**HOW TO COMPLETE THIS TASK:** Your answer must be an exact copy of the records below, with every picture left out.

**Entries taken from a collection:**

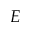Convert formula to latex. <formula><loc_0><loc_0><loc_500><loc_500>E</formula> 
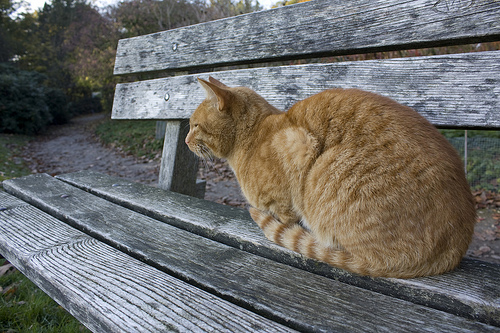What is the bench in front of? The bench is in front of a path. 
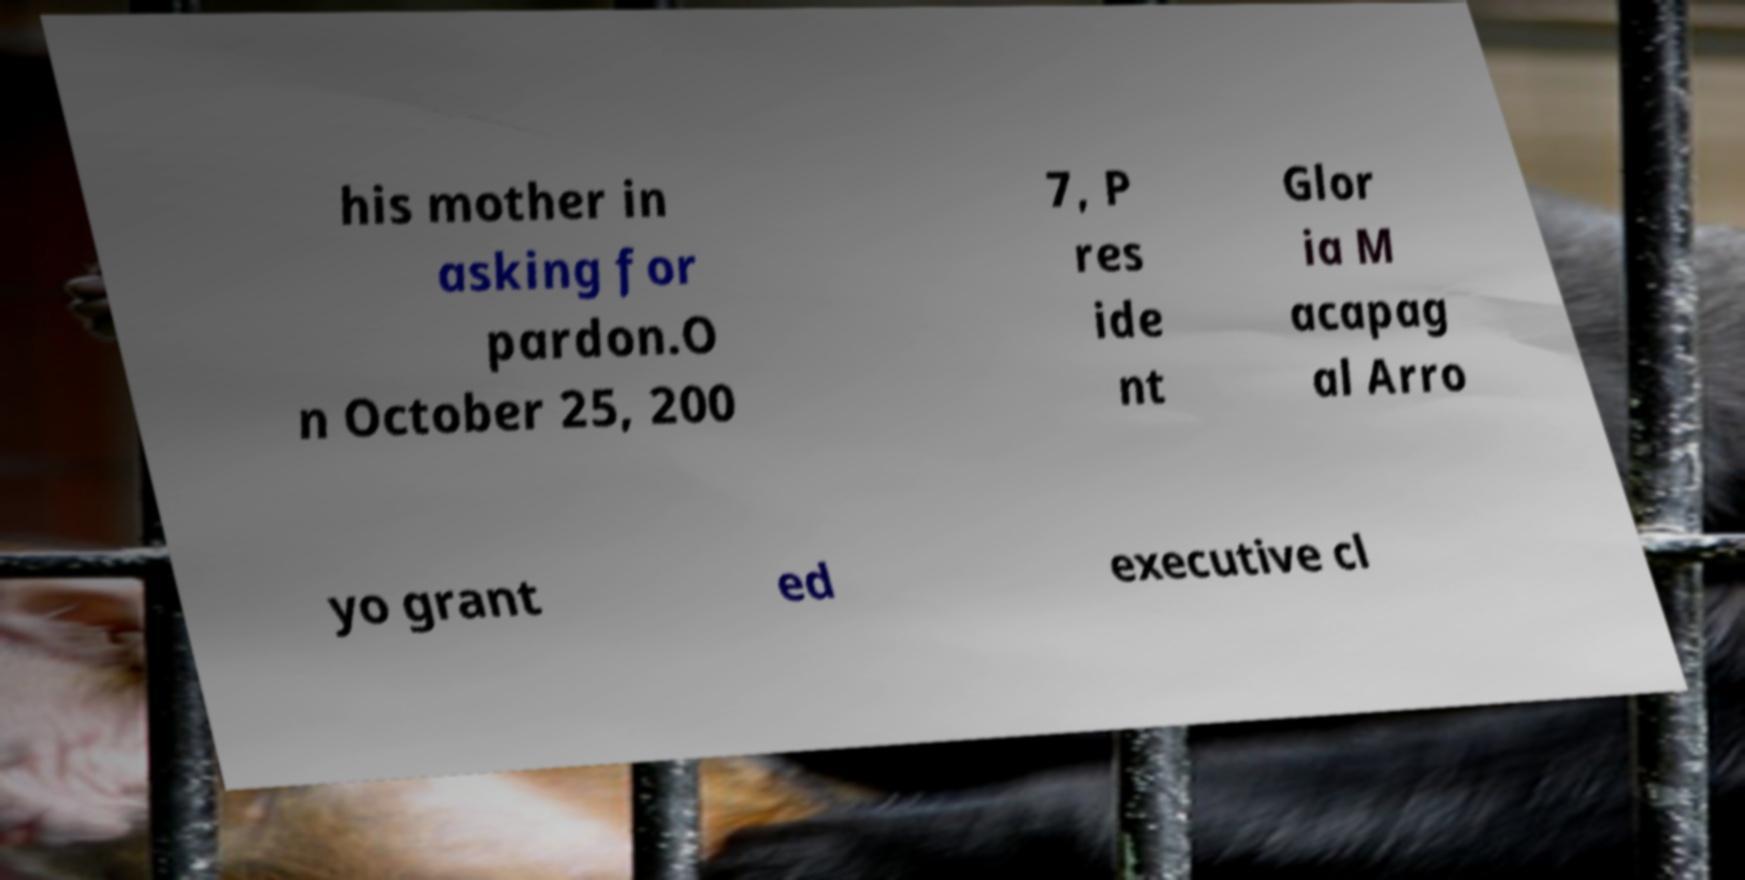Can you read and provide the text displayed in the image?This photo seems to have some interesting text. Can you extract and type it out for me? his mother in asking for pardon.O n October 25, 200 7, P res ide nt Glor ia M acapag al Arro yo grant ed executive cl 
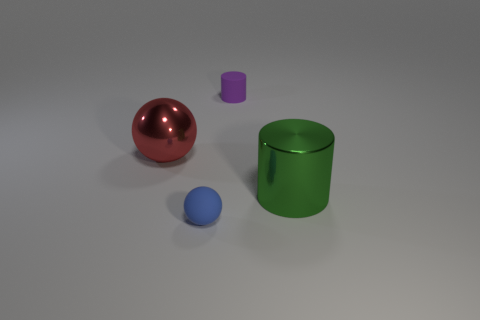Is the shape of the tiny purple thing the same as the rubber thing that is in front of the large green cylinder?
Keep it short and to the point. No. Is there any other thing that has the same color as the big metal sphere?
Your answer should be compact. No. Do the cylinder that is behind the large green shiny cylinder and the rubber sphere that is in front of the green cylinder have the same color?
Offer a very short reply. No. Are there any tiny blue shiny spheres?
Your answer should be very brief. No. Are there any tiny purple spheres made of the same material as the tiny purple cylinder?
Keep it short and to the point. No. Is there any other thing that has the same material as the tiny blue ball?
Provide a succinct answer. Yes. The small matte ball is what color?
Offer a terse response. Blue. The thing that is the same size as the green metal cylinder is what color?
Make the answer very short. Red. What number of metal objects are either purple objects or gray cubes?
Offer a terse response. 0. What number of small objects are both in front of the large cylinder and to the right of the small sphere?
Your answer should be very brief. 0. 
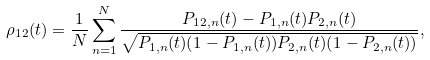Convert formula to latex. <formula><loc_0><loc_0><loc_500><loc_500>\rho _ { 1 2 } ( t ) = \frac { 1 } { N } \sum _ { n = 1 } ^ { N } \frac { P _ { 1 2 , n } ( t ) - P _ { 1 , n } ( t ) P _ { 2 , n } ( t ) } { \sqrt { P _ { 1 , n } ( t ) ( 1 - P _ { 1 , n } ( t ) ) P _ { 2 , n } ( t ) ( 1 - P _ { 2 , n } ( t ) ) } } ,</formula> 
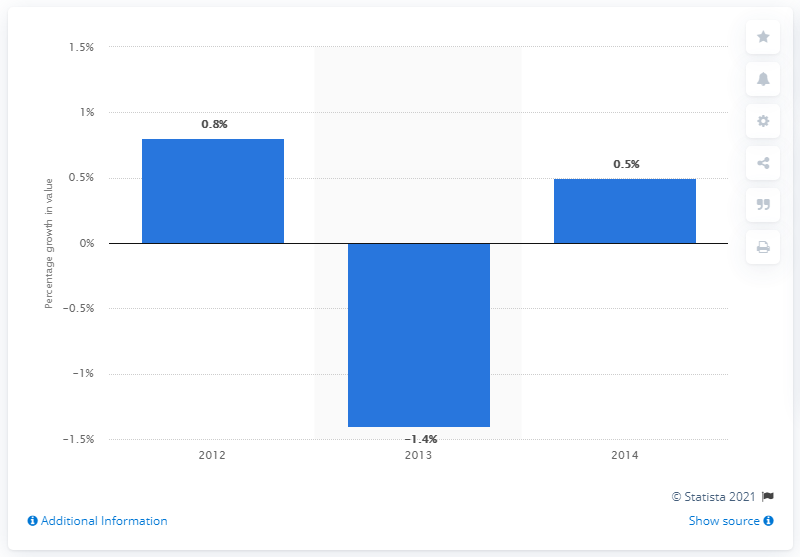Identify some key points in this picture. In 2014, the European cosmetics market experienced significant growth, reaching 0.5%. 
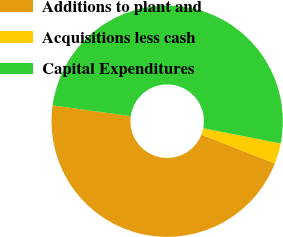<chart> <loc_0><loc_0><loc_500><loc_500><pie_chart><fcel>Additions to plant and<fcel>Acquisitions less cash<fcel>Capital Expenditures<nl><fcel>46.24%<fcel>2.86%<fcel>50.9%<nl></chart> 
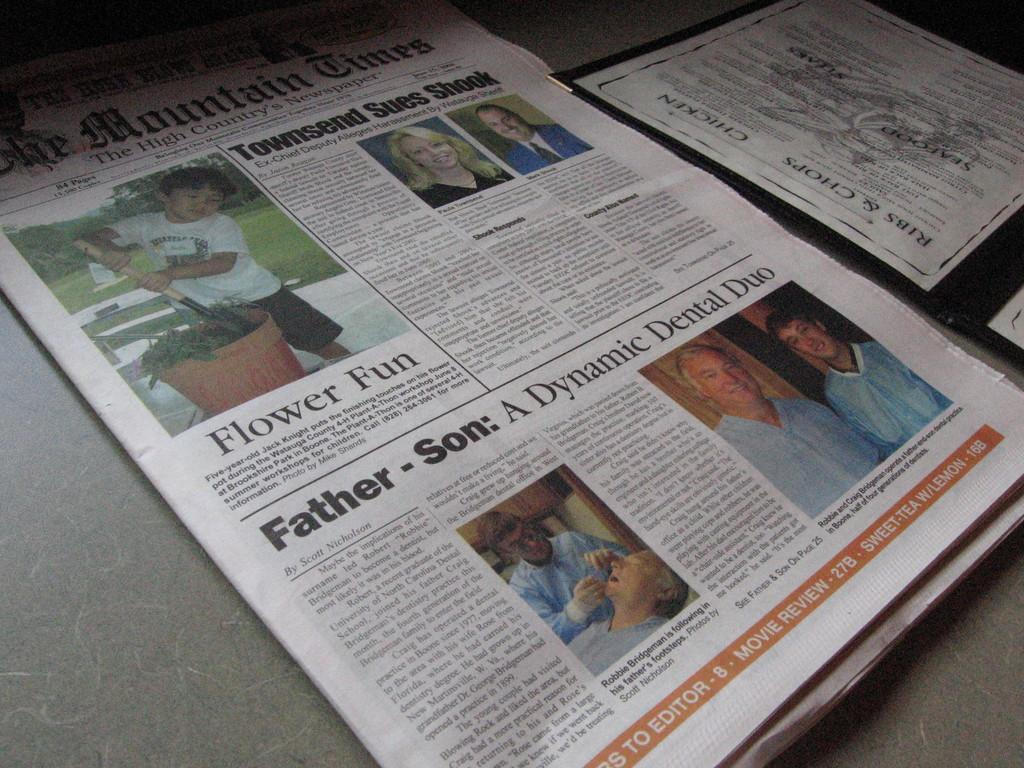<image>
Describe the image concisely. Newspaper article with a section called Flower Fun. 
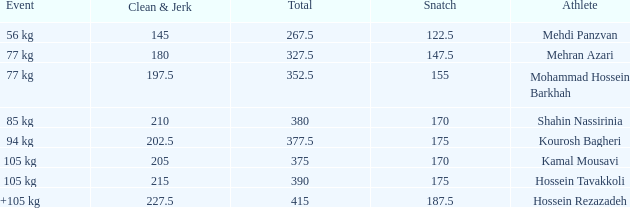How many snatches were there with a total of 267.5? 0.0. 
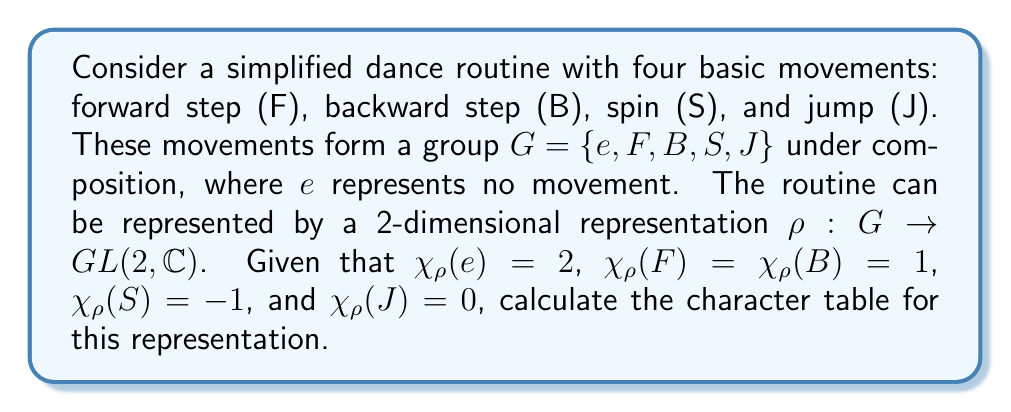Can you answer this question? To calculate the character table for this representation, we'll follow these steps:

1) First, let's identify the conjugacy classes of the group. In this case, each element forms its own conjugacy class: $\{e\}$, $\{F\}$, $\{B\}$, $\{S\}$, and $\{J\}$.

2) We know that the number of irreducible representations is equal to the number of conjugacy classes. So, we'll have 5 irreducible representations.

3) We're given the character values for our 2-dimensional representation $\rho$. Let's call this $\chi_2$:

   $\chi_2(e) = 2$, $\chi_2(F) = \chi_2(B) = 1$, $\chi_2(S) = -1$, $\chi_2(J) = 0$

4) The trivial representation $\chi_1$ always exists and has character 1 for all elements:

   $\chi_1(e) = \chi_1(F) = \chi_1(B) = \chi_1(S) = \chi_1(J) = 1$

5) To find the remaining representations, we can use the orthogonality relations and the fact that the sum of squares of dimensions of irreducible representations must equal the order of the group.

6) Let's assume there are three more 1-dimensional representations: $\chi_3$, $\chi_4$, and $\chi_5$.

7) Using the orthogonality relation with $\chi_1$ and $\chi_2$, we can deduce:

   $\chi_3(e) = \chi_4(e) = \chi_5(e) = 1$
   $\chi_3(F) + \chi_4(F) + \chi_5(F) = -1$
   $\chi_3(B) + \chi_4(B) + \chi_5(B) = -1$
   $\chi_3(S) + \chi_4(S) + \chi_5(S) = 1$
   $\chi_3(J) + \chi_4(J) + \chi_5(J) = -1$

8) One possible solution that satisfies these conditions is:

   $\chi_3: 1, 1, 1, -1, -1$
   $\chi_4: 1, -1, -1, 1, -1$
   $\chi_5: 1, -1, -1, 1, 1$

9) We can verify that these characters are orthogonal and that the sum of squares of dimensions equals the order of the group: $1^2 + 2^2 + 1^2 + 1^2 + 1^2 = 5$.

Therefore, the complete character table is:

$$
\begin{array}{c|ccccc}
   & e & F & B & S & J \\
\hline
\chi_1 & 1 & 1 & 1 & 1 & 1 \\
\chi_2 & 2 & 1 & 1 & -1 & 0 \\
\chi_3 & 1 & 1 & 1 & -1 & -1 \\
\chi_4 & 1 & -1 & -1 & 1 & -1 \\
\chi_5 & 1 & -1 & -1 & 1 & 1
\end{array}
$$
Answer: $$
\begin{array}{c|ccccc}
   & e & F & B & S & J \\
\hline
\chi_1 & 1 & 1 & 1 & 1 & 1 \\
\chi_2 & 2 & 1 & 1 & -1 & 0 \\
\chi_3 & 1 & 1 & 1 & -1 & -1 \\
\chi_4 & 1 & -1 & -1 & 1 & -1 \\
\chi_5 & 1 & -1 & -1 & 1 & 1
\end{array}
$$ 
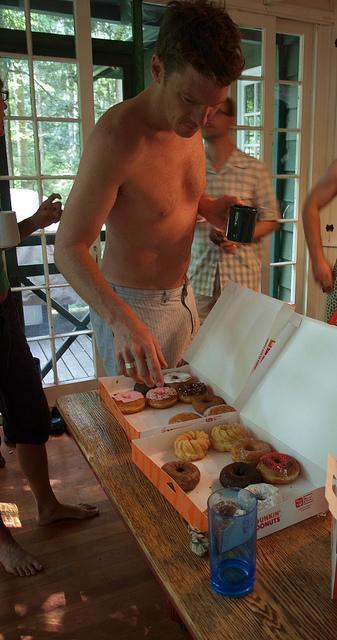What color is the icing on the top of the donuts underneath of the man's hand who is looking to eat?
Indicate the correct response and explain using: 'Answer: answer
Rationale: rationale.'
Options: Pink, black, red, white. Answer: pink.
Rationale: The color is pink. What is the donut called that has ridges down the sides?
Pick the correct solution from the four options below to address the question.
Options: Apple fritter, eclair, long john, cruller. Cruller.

**RESULT FOR THIS EXERCISE:**
Convert formula to latex. <formula><loc_0><loc_0><loc_500><loc_500>E</formula> 
What is the bench in front of? The bench is in front of a path. 
Can you read and provide the text displayed in the image?This photo seems to have some interesting text. Can you extract and type it out for me? his mother in asking for pardon.O n October 25, 200 7, P res ide nt Glor ia M acapag al Arro yo grant ed executive cl 
Is the shape of the tiny purple thing the same as the rubber thing that is in front of the large green cylinder?
Keep it short and to the point. No. Is there any other thing that has the same color as the big metal sphere?
Your answer should be compact. No. Do the cylinder that is behind the large green shiny cylinder and the rubber sphere that is in front of the green cylinder have the same color?
Offer a very short reply. No. Are there any tiny blue shiny spheres?
Your answer should be very brief. No. Are there any tiny purple spheres made of the same material as the tiny purple cylinder?
Keep it short and to the point. No. Is there any other thing that has the same material as the tiny blue ball?
Provide a succinct answer. Yes. The small matte ball is what color?
Offer a terse response. Blue. The thing that is the same size as the green metal cylinder is what color?
Make the answer very short. Red. What number of metal objects are either purple objects or gray cubes?
Offer a terse response. 0. What number of small objects are both in front of the large cylinder and to the right of the small sphere?
Your answer should be very brief. 0. 
Convert formula to latex. <formula><loc_0><loc_0><loc_500><loc_500>\rho _ { 1 2 } ( t ) = \frac { 1 } { N } \sum _ { n = 1 } ^ { N } \frac { P _ { 1 2 , n } ( t ) - P _ { 1 , n } ( t ) P _ { 2 , n } ( t ) } { \sqrt { P _ { 1 , n } ( t ) ( 1 - P _ { 1 , n } ( t ) ) P _ { 2 , n } ( t ) ( 1 - P _ { 2 , n } ( t ) ) } } ,</formula> 
Identify some key points in this picture. In 2014, the European cosmetics market experienced significant growth, reaching 0.5%. 
<chart> <loc_0><loc_0><loc_500><loc_500><pie_chart><fcel>Additions to plant and<fcel>Acquisitions less cash<fcel>Capital Expenditures<nl><fcel>46.24%<fcel>2.86%<fcel>50.9%<nl></chart> 
<image>
Describe the image concisely. Newspaper article with a section called Flower Fun. 
How many snatches were there with a total of 267.5? 0.0. 
Can you answer this question? To calculate the character table for this representation, we'll follow these steps:

1) First, let's identify the conjugacy classes of the group. In this case, each element forms its own conjugacy class: $\{e\}$, $\{F\}$, $\{B\}$, $\{S\}$, and $\{J\}$.

2) We know that the number of irreducible representations is equal to the number of conjugacy classes. So, we'll have 5 irreducible representations.

3) We're given the character values for our 2-dimensional representation $\rho$. Let's call this $\chi_2$:

   $\chi_2(e) = 2$, $\chi_2(F) = \chi_2(B) = 1$, $\chi_2(S) = -1$, $\chi_2(J) = 0$

4) The trivial representation $\chi_1$ always exists and has character 1 for all elements:

   $\chi_1(e) = \chi_1(F) = \chi_1(B) = \chi_1(S) = \chi_1(J) = 1$

5) To find the remaining representations, we can use the orthogonality relations and the fact that the sum of squares of dimensions of irreducible representations must equal the order of the group.

6) Let's assume there are three more 1-dimensional representations: $\chi_3$, $\chi_4$, and $\chi_5$.

7) Using the orthogonality relation with $\chi_1$ and $\chi_2$, we can deduce:

   $\chi_3(e) = \chi_4(e) = \chi_5(e) = 1$
   $\chi_3(F) + \chi_4(F) + \chi_5(F) = -1$
   $\chi_3(B) + \chi_4(B) + \chi_5(B) = -1$
   $\chi_3(S) + \chi_4(S) + \chi_5(S) = 1$
   $\chi_3(J) + \chi_4(J) + \chi_5(J) = -1$

8) One possible solution that satisfies these conditions is:

   $\chi_3: 1, 1, 1, -1, -1$
   $\chi_4: 1, -1, -1, 1, -1$
   $\chi_5: 1, -1, -1, 1, 1$

9) We can verify that these characters are orthogonal and that the sum of squares of dimensions equals the order of the group: $1^2 + 2^2 + 1^2 + 1^2 + 1^2 = 5$.

Therefore, the complete character table is:

$$
\begin{array}{c|ccccc}
   & e & F & B & S & J \\
\hline
\chi_1 & 1 & 1 & 1 & 1 & 1 \\
\chi_2 & 2 & 1 & 1 & -1 & 0 \\
\chi_3 & 1 & 1 & 1 & -1 & -1 \\
\chi_4 & 1 & -1 & -1 & 1 & -1 \\
\chi_5 & 1 & -1 & -1 & 1 & 1
\end{array}
$$
Answer: $$
\begin{array}{c|ccccc}
   & e & F & B & S & J \\
\hline
\chi_1 & 1 & 1 & 1 & 1 & 1 \\
\chi_2 & 2 & 1 & 1 & -1 & 0 \\
\chi_3 & 1 & 1 & 1 & -1 & -1 \\
\chi_4 & 1 & -1 & -1 & 1 & -1 \\
\chi_5 & 1 & -1 & -1 & 1 & 1
\end{array}
$$ 
What color is the icing on the top of the donuts underneath of the man's hand who is looking to eat?
Indicate the correct response and explain using: 'Answer: answer
Rationale: rationale.'
Options: Pink, black, red, white. Answer: pink.
Rationale: The color is pink. What is the donut called that has ridges down the sides?
Pick the correct solution from the four options below to address the question.
Options: Apple fritter, eclair, long john, cruller. Cruller.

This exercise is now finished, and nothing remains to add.